I have worked with Camberwell’s children, so often stigmatized by the dominant narrative which tends to blame the sufferers. We have come a long way in 350 years in realising that disadvantage at birth cannot be compensated for child by child through removal from birth family. However, our combined service provision remains poor (no specialist service for conduct disorder in Camberwell) and I agree with Dr Davies in that these conditions have no simple cause and associated cure. Seeing them as ‘disorders of disempowerment/inequality’ so with empowerment at the heart of services, should be the focus.

We need to bring understanding and respect to the people we work with – and enable pride and choice in those who have little to start with. No longer can a Thomas Coram depend on people knowing and accepting their place when social media tells you in an instant what others have.

The worsening inequality gap (and related social mobility and health consequences) with a return to pre-1997 levels can not be tolerated. However, there is another truth - whether because of better identification or otherwise – the numbers of children and young people (even in Dulwich Village) suffering mental/emotional ill-health are much higher than before.

So, what of solutions? Sir David Behan reflected on a career of 40 years spanning social work to CEO of CQC. His grandfather was a ‘foundling’ (a Coram child) – a ‘lowly’ start – but whose grandson, benefited from the warmth of a family and simple hard work. Warmth and acceptance allow people the courage to fail and continue.

I was reminded again of this when Sir David spoke of Serious Case Reviews, their repeated finding of poor inter-agency communication, but their increased emphasis on holding leaders responsible rather than accountable, when rarely is a tragedy one professional’s fault. It is perhaps because of this ‘blame’ culture that confidence in politicians has plummeted and yet leaders will need our confidence to operate with agility in modern service landscapes characterised by Volatility, Uncertainty, Complexity and Ambiguity – what Sir David called VUCA – the same context that our children must navigate.
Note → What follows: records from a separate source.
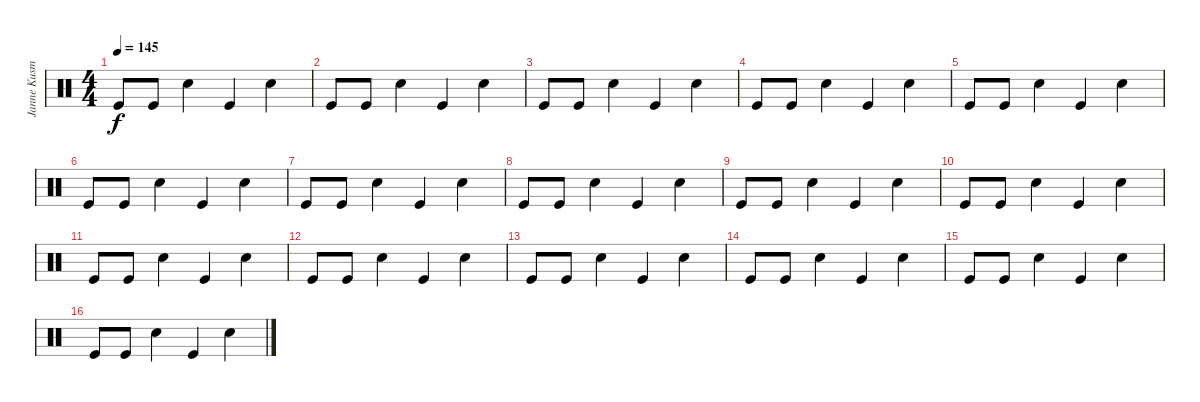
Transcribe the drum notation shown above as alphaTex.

\track ("Janne Kusmin " "Janne Kusm") {instrument percussion}
\staff {score}
\articulation defaults
\ts (4 4)
\tempo 145
\clef neutral
\ks c "Kick (hit)".8{dy f} "Kick (hit)".8 "Snare (hit) 2".4 "Kick (hit)".4 "Snare (hit) 2".4
|
"Kick (hit)".8 "Kick (hit)".8 "Snare (hit) 2".4 "Kick (hit)".4 "Snare (hit) 2".4 |
"Kick (hit)".8 "Kick (hit)".8 "Snare (hit) 2".4 "Kick (hit)".4 "Snare (hit) 2".4 |
"Kick (hit)".8 "Kick (hit)".8 "Snare (hit) 2".4 "Kick (hit)".4 "Snare (hit) 2".4 |
"Kick (hit)".8 "Kick (hit)".8 "Snare (hit) 2".4 "Kick (hit)".4 "Snare (hit) 2".4 |
"Kick (hit)".8 "Kick (hit)".8 "Snare (hit) 2".4 "Kick (hit)".4 "Snare (hit) 2".4 |
"Kick (hit)".8 "Kick (hit)".8 "Snare (hit) 2".4 "Kick (hit)".4 "Snare (hit) 2".4 |
"Kick (hit)".8 "Kick (hit)".8 "Snare (hit) 2".4 "Kick (hit)".4 "Snare (hit) 2".4 |
"Kick (hit)".8 "Kick (hit)".8 "Snare (hit) 2".4 "Kick (hit)".4 "Snare (hit) 2".4 |
"Kick (hit)".8 "Kick (hit)".8 "Snare (hit) 2".4 "Kick (hit)".4 "Snare (hit) 2".4 |
"Kick (hit)".8 "Kick (hit)".8 "Snare (hit) 2".4 "Kick (hit)".4 "Snare (hit) 2".4 |
"Kick (hit)".8 "Kick (hit)".8 "Snare (hit) 2".4 "Kick (hit)".4 "Snare (hit) 2".4 |
"Kick (hit)".8 "Kick (hit)".8 "Snare (hit) 2".4 "Kick (hit)".4 "Snare (hit) 2".4 |
"Kick (hit)".8 "Kick (hit)".8 "Snare (hit) 2".4 "Kick (hit)".4 "Snare (hit) 2".4 |
"Kick (hit)".8 "Kick (hit)".8 "Snare (hit) 2".4 "Kick (hit)".4 "Snare (hit) 2".4 |
"Kick (hit)".8 "Kick (hit)".8 "Snare (hit) 2".4 "Kick (hit)".4 "Snare (hit) 2".4

I believe the solutions though not easy are to be found in what both Dr Davies and Sir David said. What is required is a radical re-think of what we offer children in their journey to adulthood – not just at key points - remembering the most vulnerable but learning from the successful – a more radical shift than the current Green Paper addressing children’s mental health allows us to make.

We must learn from what Sir David has found to be important: our passion and motivators as leaders; our shared values and related behaviours; the data we share and importantly our ability to listen and trust (not just observe) those we work with and most importantly seek to serve. We are none of us voiceless, powerless or choiceless but some of us can, together, enable positive choices for those more vulnerable.

Most moving was the voice of a young person. She had experienced state care. She thanked professionals for what they did well, but she had endured moving from placement to placement with no swift access to mental health support and nobody to help her understand it was not her fault. She concluded ‘I have experienced separation and loss, but I also have hope: for myself and for others.’ As she spoke I was reminded that it was simple things done well that make us who we are. Thomas Coram was right: every child must be ‘protected’ and the warmth and stability this young person needed was no different to Sir David’s grandfather years before. She and my co-chair (just 17) represent the future and with them in it, there is hope.